Dask performs computations in a [lazy manner](https://tutorial.dask.org/01x_lazy.html), so we persist the dataframe to perform data loading and feature processing and load into GPU memory.

In [None]:
numeric_feat = [
    "pickup_weekday",
    "pickup_weekofyear",
    "pickup_hour",
    "pickup_week_hour",
    "pickup_minute",
    "passenger_count",
]
categorical_feat = [
    "pickup_taxizone_id",
    "dropoff_taxizone_id",
]
features = numeric_feat + categorical_feat
y_col = "high_tip"

taxi_train = taxi[features + [y_col]]
taxi_train[features] = taxi_train[features].astype("float32").fillna(-1)
taxi_train[y_col] = taxi_train[y_col].astype("int32").fillna(-1)

In [None]:
taxi_train = taxi_train.persist()
_ = wait(taxi_train)

The code below computes the size of this dataset in memory.

In [None]:
print(
    f"Num rows: {len(taxi_train)}, Size: {taxi_train.memory_usage(deep=True).sum().compute() / 1e6} MB"
)

You can examine the structure of the data with `cudf` commands:

`.head()` = view the first few rows

In [None]:
taxi_train.head()

`.dtypes` = list all the columns and the type of data in them

In [None]:
taxi.dtypes

When we say that a `dask-cudf` dataframe is a *distributed* data frame, that means that it comprises multiple smaller `cudf` data frames. Run the following to see how many of these pieces (called "partitions") there are.

In [None]:
taxi.npartitions

`taxi_train` is a `dask_cudf` dataframe that will be passed in to a machine learning model. Since this is a binary classification task, before proceeding we should examine the distributions of 1s and 0s in the target. This can be done with by combining `.groupby()` and `.count()`

<details><summary>(click here to learn why data scientists do this)</summary>

**Target Distribution**
    
In binary classification tasks, we ask machine learning models to learn the difference between records that produced a 0 for some target and those that produce a 1. In this example:
    
* `high_tip = 1`: "this trip resulted in a high tip"
* `high_tip = 0`: "this trip did not result in a high tip"
    
The "distribution" of this target just means "what % of the trips ended in a high tip?". This is important to understand because we might have to change our modelling approach if the distribution was uneven. For example, if 99% of trips did NOT end in a high tip, a model that just always guessed "not a high tip" would achieve an accuracy of 99%.

</details>

In [None]:
taxi_train.groupby("high_tip")["high_tip"].count().compute()

<hr>

## Train a Model

Now that the data have been prepped, it's time to build a model!

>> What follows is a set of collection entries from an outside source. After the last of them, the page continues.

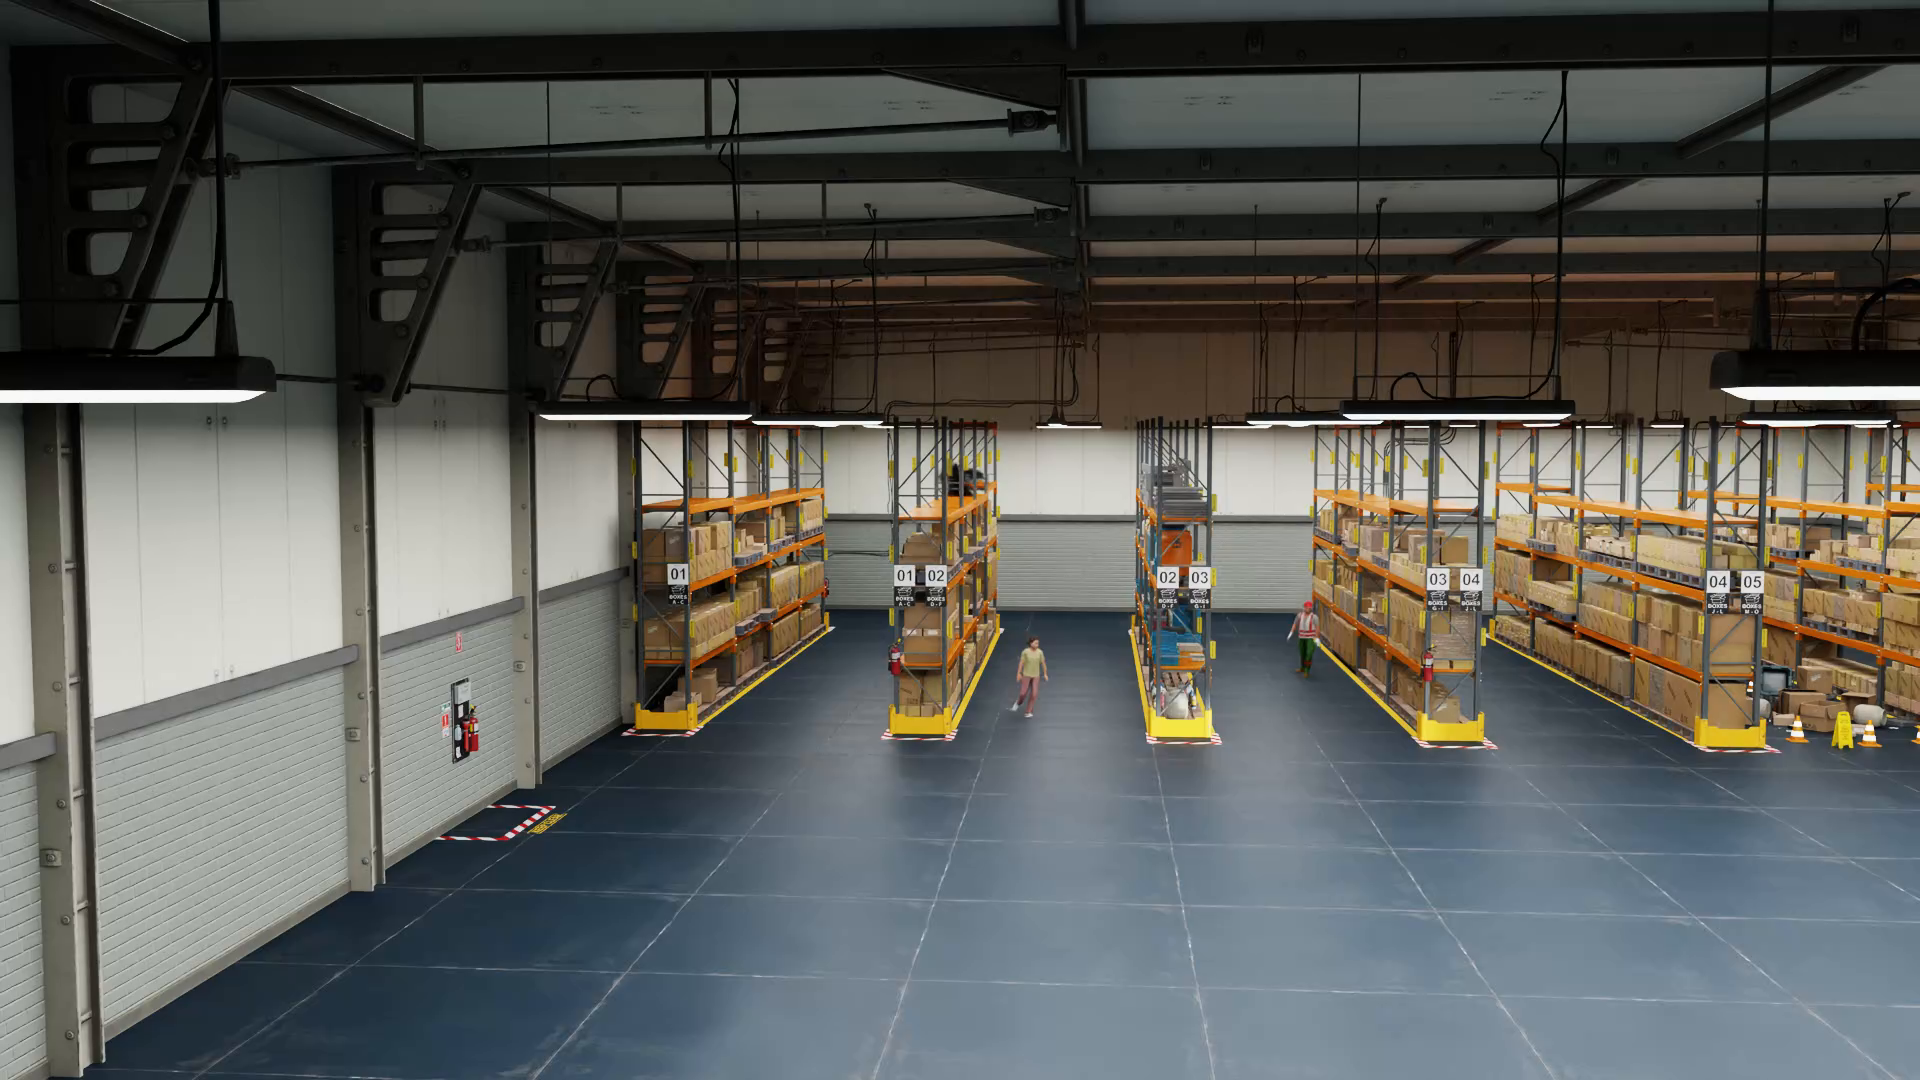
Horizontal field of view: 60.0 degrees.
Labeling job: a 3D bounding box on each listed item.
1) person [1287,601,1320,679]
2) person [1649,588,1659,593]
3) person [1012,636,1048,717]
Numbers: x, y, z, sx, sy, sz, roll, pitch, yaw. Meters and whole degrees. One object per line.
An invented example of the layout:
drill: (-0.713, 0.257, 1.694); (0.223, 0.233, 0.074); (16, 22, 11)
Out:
person: (8.067, 2.305, 38.924); (0.740, 1.779, 0.770); (3, 5, 38)
person: (17.399, 2.083, 41.765); (0.655, 1.765, 1.000); (0, 4, -6)
person: (1.395, 2.719, 33.354); (0.657, 1.641, 0.543); (-1, 4, -11)

For this task, we'll use the `RandomForestClassifier` from `cuml`. If you've never used a random forest or need a refresher, consult ["Forests of randomized trees"](https://scikit-learn.org/stable/modules/ensemble.html#forest) in the `sciki-learn` documentation.

The code below initializes a random forest classifier with the following parameter values.

* `n_estimators=100` = create a 100-tree forest
* `max_depth=10` = stop growing a tree once it contains a leaf node that is 10 levels below the root

All other parameters use the defaults from `RandomForestClassifier`.

<details><summary>(click here to learn why data scientists do this)</summary>

**Setting max_depth**

Tree-based models split the training data into smaller and smaller groups, to try to group together records with similar values of the target. A tree can be thought of as a collection of rules like `pickup_hour greater than 11` and `pickup_minute less than 31.0`. As you add more rules, those groups (called "leaf nodes") get smaller. In an extreme example, a model could create a tree with enough rules to place each record in the training data into its own group. That would probably take a lot of rules, and would be referred to as a "deep" tree.

Deep trees are problematic because their descriptions of the world are too specific to be useful on new data. Imagine training a classification model to predict whether or not visitors to a theme park will ride a particular rollercoaster. You could measure the time down to the millisecond that every guest's ticket is scanned at the entrance, and a model might learn a rule like *"if the guest has been to the park before and if the guest is older than 40 and younger than 41, and if the guest is staying at Hotel A and if the guest enters the park after 1:00:17.456 and if the guest enters the park earlier than 1:00:17.995, they will ride the rollercoaster"*. This is very very unlikely to ever match any future visitors, and if it does it's unlikely that this prediction will be very good unless you have some reason to believe that a visitor arriving at 1:00:18 instead of 1:00:17 really changes the probability that they'll ride that rollercoaster.

To prevent this situation (called "overfitting"), most tree-based machine learning algorithms accept parameters that control how deep the trees can get. `max_depth` is common, and says "don't create a rule more complex than this". In the example above, that rule has a depth of 7.

1. visiting the park
2. has been to the park before?
3. older than 40?
4. younger than 41?
5. staying at Hotel A?
6. entered the park after 1:00:17.456?
7. entered the park before 1:00:17.995?

Setting `max_depth = 5` would have prevented those weirdly-specific timing rules from ever being generated.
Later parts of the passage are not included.